• [Activity]: For each entry, return the text exactly and omit any image.

Stored dataset items:
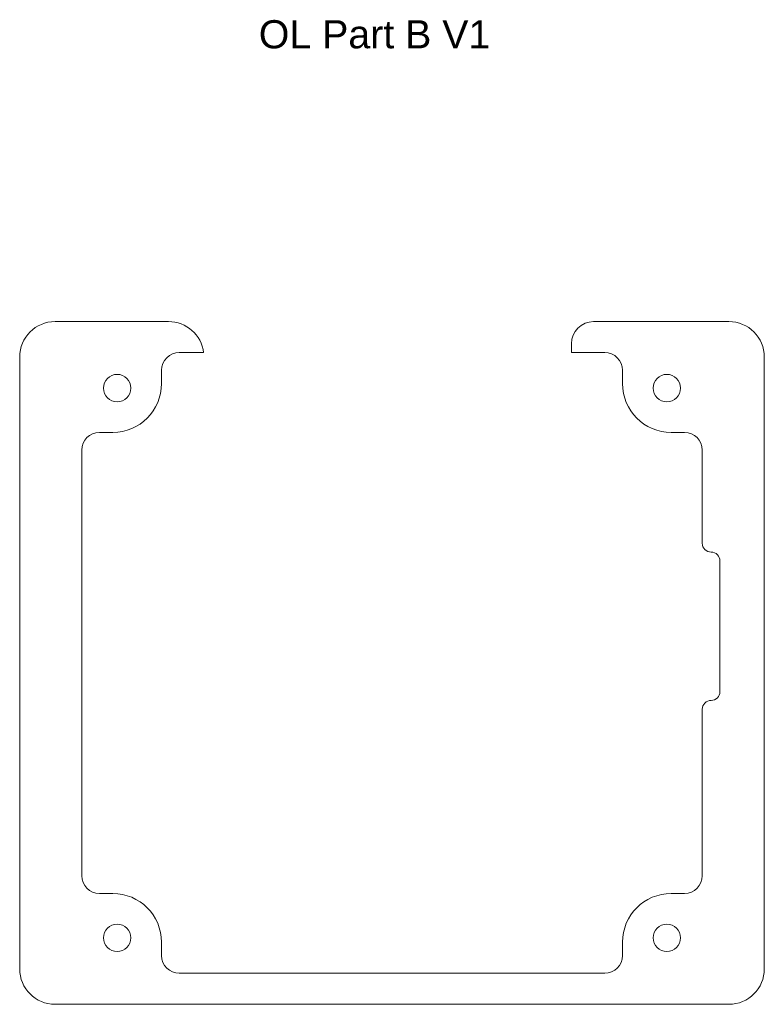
# Model space of a CAD drawing. Header units: inches. Extents: x 3.89 to 7.19, y 2.14 to 6.51.
import ezdxf

# ---------------------------------------------------------------- set-up
doc = ezdxf.new("R2010")
doc.units = ezdxf.units.IN
doc.header["$MEASUREMENT"] = 0
doc.layers.add('CONTINUOUS', color=7, linetype='Continuous', lineweight=0)
doc.layers.add('VISIBLE', color=7, linetype='Continuous', lineweight=0)

msp = doc.modelspace()

# ---------------------------------------------------------------- linework, layer by layer
at = {"layer": 'VISIBLE'}
for p, q in [((4.0425, 5.1678), (4.5457, 5.1678)), ((6.4342, 5.1678), (7.0346, 5.1678)), ((4.5937, 5.03), (4.702, 5.03)), ((6.3358, 5.0694), (6.3358, 5.03)), ((6.3358, 5.03), (6.4835, 5.03)), ((3.885, 2.2938), (3.885, 5.0103)), ((7.1921, 5.0103), (7.1921, 2.2938)), ((4.515, 4.8922), (4.515, 4.9513)), ((6.5622, 4.9513), (6.5622, 4.8922)), ((4.2394, 4.6757), (4.2984, 4.6757)), ((6.7787, 4.6757), (6.8378, 4.6757)), ((4.1606, 2.7072), (4.1606, 4.5969)), ((6.9165, 4.5969), (6.9165, 4.1835)), ((6.9953, 4.1048), (6.9953, 3.5249)), ((6.9165, 3.4461), (6.9165, 2.7072)), ((4.2984, 2.6284), (4.2394, 2.6284)), ((6.8378, 2.6284), (6.7787, 2.6284)), ((4.515, 2.3528), (4.515, 2.4119)), ((6.5622, 2.4119), (6.5622, 2.3528)), ((6.4835, 2.2741), (4.5937, 2.2741)), ((7.0346, 2.1363), (4.0425, 2.1363))]:
    msp.add_line(p, q, dxfattribs=at)
for centre in [(4.3181, 4.8725), (6.759, 4.8725), (4.3181, 2.4316), (6.759, 2.4316)]:
    msp.add_circle(centre, 0.061, dxfattribs=at)
for centre, radius, start, end in [((4.0425, 5.0103), 0.1575, 90, 180), ((4.5457, 5.0103), 0.1575, 7.1808, 90), ((6.4342, 5.0694), 0.0984, 90, 180), ((7.0346, 5.0103), 0.1575, 0, 90), ((4.5937, 4.9513), 0.0787, 90, 180), ((6.4835, 4.9513), 0.0787, 0, 90), ((4.2984, 4.8922), 0.2165, 270, 0), ((6.7787, 4.8922), 0.2165, 180, 270), ((4.2394, 4.5969), 0.0787, 90, 180), ((6.8378, 4.5969), 0.0787, 0, 90), ((6.9559, 4.1835), 0.0394, 180, 270), ((6.9559, 4.1048), 0.0394, 0, 90), ((6.9559, 3.5249), 0.0394, 270, 0), ((6.9559, 3.4461), 0.0394, 90, 180), ((4.2394, 2.7072), 0.0787, 180, 270), ((6.8378, 2.7072), 0.0787, 270, 0), ((4.2984, 2.4119), 0.2165, 0, 90), ((6.7787, 2.4119), 0.2165, 90, 180), ((4.5937, 2.3528), 0.0787, 180, 270), ((6.4835, 2.3528), 0.0787, 270, 0), ((4.0425, 2.2938), 0.1575, 180, 270), ((7.0346, 2.2938), 0.1575, 270, 0)]:
    msp.add_arc(centre, radius, start, end, dxfattribs=at)

# ---------------------------------------------------------------- texts
at = {"layer": 'CONTINUOUS', "insert": (4.947, 6.506), "char_height": 0.124948, "attachment_point": 1}
msp.add_mtext('{\\fArial|b0|i0|c0|p0;\\C7;OL Part B V1}{\\fArial|b0|i0|c0|p0;\\C7;\\H0.6206896x;}', dxfattribs=at)

doc.saveas('drawing.dxf')

• [Reply]:
# Model space of a CAD drawing. Header units: inches. Extents: x 3.89 to 7.19, y 2.14 to 6.51.
import ezdxf

# ---------------------------------------------------------------- set-up
doc = ezdxf.new("R2010")
doc.units = ezdxf.units.IN
doc.header["$MEASUREMENT"] = 0
doc.layers.add('CONTINUOUS', color=7, linetype='Continuous', lineweight=0)
doc.layers.add('VISIBLE', color=7, linetype='Continuous', lineweight=0)

msp = doc.modelspace()

# ---------------------------------------------------------------- linework, layer by layer
at = {"layer": 'VISIBLE'}
for p, q in [((4.0425, 5.1678), (4.5457, 5.1678)), ((6.4342, 5.1678), (7.0346, 5.1678)), ((4.5937, 5.03), (4.702, 5.03)), ((6.3358, 5.0694), (6.3358, 5.03)), ((6.3358, 5.03), (6.4835, 5.03)), ((3.885, 2.2938), (3.885, 5.0103)), ((7.1921, 5.0103), (7.1921, 2.2938)), ((4.515, 4.8922), (4.515, 4.9513)), ((6.5622, 4.9513), (6.5622, 4.8922)), ((4.2394, 4.6757), (4.2984, 4.6757)), ((6.7787, 4.6757), (6.8378, 4.6757)), ((4.1606, 2.7072), (4.1606, 4.5969)), ((6.9165, 4.5969), (6.9165, 4.1835)), ((6.9953, 4.1048), (6.9953, 3.5249)), ((6.9165, 3.4461), (6.9165, 2.7072)), ((4.2984, 2.6284), (4.2394, 2.6284)), ((6.8378, 2.6284), (6.7787, 2.6284)), ((4.515, 2.3528), (4.515, 2.4119)), ((6.5622, 2.4119), (6.5622, 2.3528)), ((6.4835, 2.2741), (4.5937, 2.2741)), ((7.0346, 2.1363), (4.0425, 2.1363))]:
    msp.add_line(p, q, dxfattribs=at)
for centre in [(4.3181, 4.8725), (6.759, 4.8725), (4.3181, 2.4316), (6.759, 2.4316)]:
    msp.add_circle(centre, 0.061, dxfattribs=at)
for centre, radius, start, end in [((4.0425, 5.0103), 0.1575, 90, 180), ((4.5457, 5.0103), 0.1575, 7.1808, 90), ((6.4342, 5.0694), 0.0984, 90, 180), ((7.0346, 5.0103), 0.1575, 0, 90), ((4.5937, 4.9513), 0.0787, 90, 180), ((6.4835, 4.9513), 0.0787, 0, 90), ((4.2984, 4.8922), 0.2165, 270, 0), ((6.7787, 4.8922), 0.2165, 180, 270), ((4.2394, 4.5969), 0.0787, 90, 180), ((6.8378, 4.5969), 0.0787, 0, 90), ((6.9559, 4.1835), 0.0394, 180, 270), ((6.9559, 4.1048), 0.0394, 0, 90), ((6.9559, 3.5249), 0.0394, 270, 0), ((6.9559, 3.4461), 0.0394, 90, 180), ((4.2394, 2.7072), 0.0787, 180, 270), ((6.8378, 2.7072), 0.0787, 270, 0), ((4.2984, 2.4119), 0.2165, 0, 90), ((6.7787, 2.4119), 0.2165, 90, 180), ((4.5937, 2.3528), 0.0787, 180, 270), ((6.4835, 2.3528), 0.0787, 270, 0), ((4.0425, 2.2938), 0.1575, 180, 270), ((7.0346, 2.2938), 0.1575, 270, 0)]:
    msp.add_arc(centre, radius, start, end, dxfattribs=at)

# ---------------------------------------------------------------- texts
at = {"layer": 'CONTINUOUS', "insert": (4.947, 6.506), "char_height": 0.124948, "attachment_point": 1}
msp.add_mtext('{\\fArial|b0|i0|c0|p0;\\C7;OL Part B V1}{\\fArial|b0|i0|c0|p0;\\C7;\\H0.6206896x;}', dxfattribs=at)

doc.saveas('drawing.dxf')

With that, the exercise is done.